Well this was a very interesting problem to run into. We’d migrated a website to a new host and WP-CLI was throwing errors complaining about an issue with the FTP Connection. What, for real? What would WP-CLI want with an FTP Connection? It wasn’t all commands though; wp core version ran without issue but others like wp plugin list kept complaining. What’s more, running WP-CLI on another website on the exact same host proceeded without issue. What was going on?

The Errors

Below is a truncated and cleaned up version of the errors:

PHP Fatal error:  Uncaught TypeError: ftp_fget(): Argument #1 ($ftp) must be of type FTP\Connection, null given in /PATH_TO_WEBSITE_ROOT/wp-admin/includes/class-wp-filesystem-ftpext.php:146
Stack trace:

#0 /PATH_TO_WEBSITE_ROOT/wp-admin/includes/class-wp-filesystem-ftpext.php(146): ftp_fget()


... (More error traces)

My first thought was there was an issue with the WordPress theme because it⁠⁠⁠⁠ appears right there in the stack trace. Since this particular website used a third-party theme we did the obvious thing and updated it hoping that would get rid of the problem. No such luck.

Upon deeper inspection we discovered the theme was using $wp_filesystem->get_contents() to read several of its own files to display as a list in the WordPress Dashboard*. WordPress has several different methods of reading files and you can retrieve the method used via the get_filesystem_method() function. Digging into this function shows that the method WordPress uses is based on file ownership: it creates a temporary file and checks the owner of the temporary file against the owner of the currently executing one. If the owners match then WordPress reads files via the direct method otherwise it will use another method which in our case was ftpext (the stack trace shows it uses the file class-wp-filesystem-ftpext.php).

// Attempt to determine the file owner of the WordPress files, and that of newly created files.
$wp_file_owner = false;
$temp_file_owner = false;
if ( function_exists( 'fileowner' ) ) {
  $wp_file_owner = @fileowner( __FILE__ );
  $temp_file_owner = @fileowner( $temp_file_name );

if ( false !== $wp_file_owner && $wp_file_owner === $temp_file_owner ) {

And this was the cause of our issue; we were running WP-CLI on the command-line as a different user which forced WordPress to use ftpext.

File ownership

Remember how I said this website had been recently migrated to a new host? For added security we set up the host to run each application/website as its own non-login user who was also the owner of that application⁠⁠⁠⁠’s files. However, when we ran WP-CLI we were doing so as a different logged-in user.

The solution

It⁠⁠⁠⁠’s actually very simple; run WP-CLI as the owner of the application/website files:

sudo -u OTHER_USER wp plugin list 

Another method that works is to force WordPress to use the direct method of reading files. This can be done by adding  define('FS_METHOD', 'direct'); to wp-config.php but I’m not sure about the security ramifications of doing this.

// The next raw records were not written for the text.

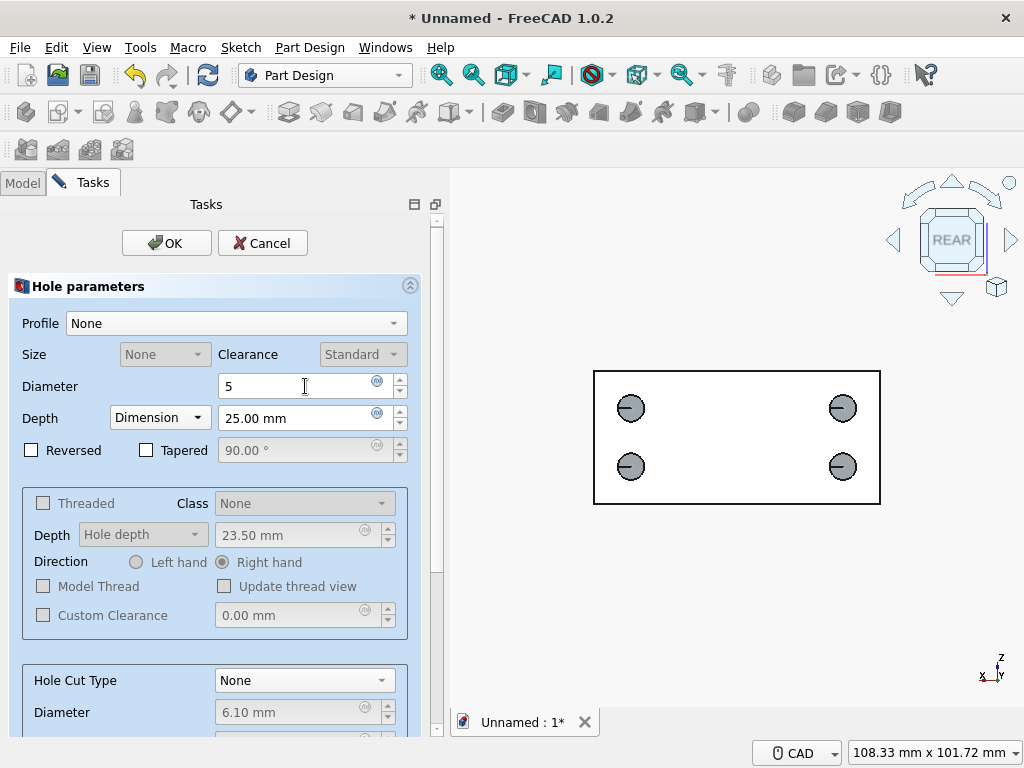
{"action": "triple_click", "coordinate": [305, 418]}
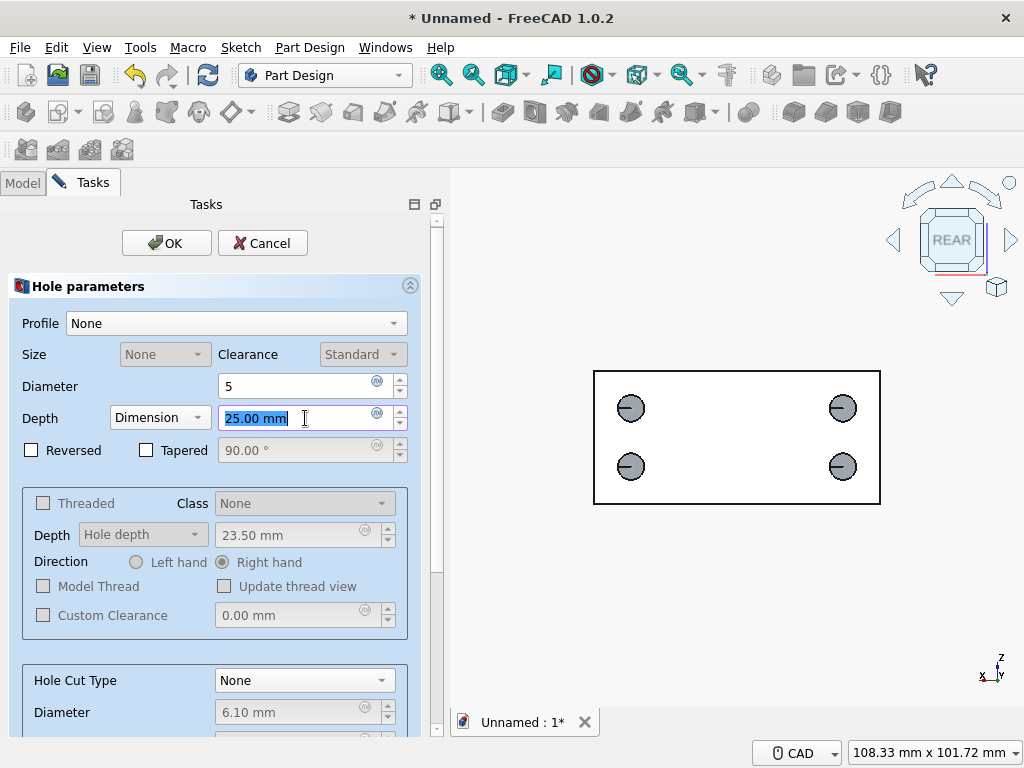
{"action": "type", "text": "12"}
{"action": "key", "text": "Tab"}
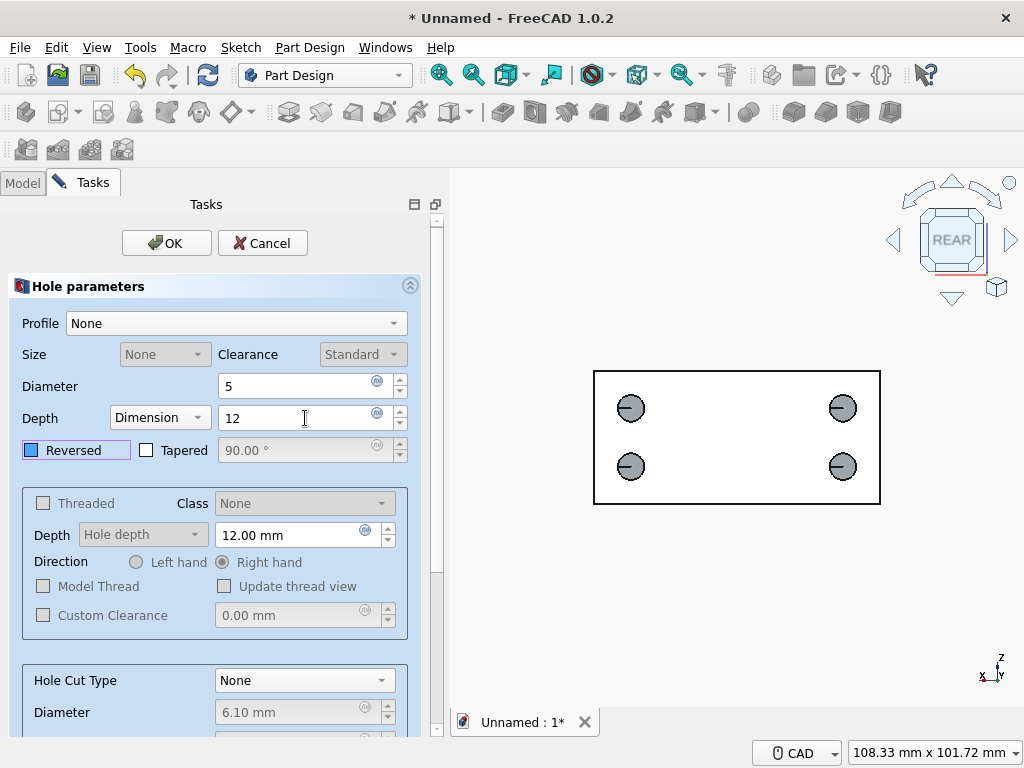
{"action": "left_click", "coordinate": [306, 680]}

But… why is this happening at all?

🤷‍♀️ I don⁠⁠⁠⁠’t know why WP-CLI was effectively trying to execute the theme code even when it’s just trying to retrieve a list of installed plugins. It makes me wonder if there is a SHORTINIT version for WP-CLI.

* The other website where WP-CLI ran without issue had a theme which did not $wp_filesystem->get_contents() so that⁠⁠⁠⁠’s probably why there were no errors.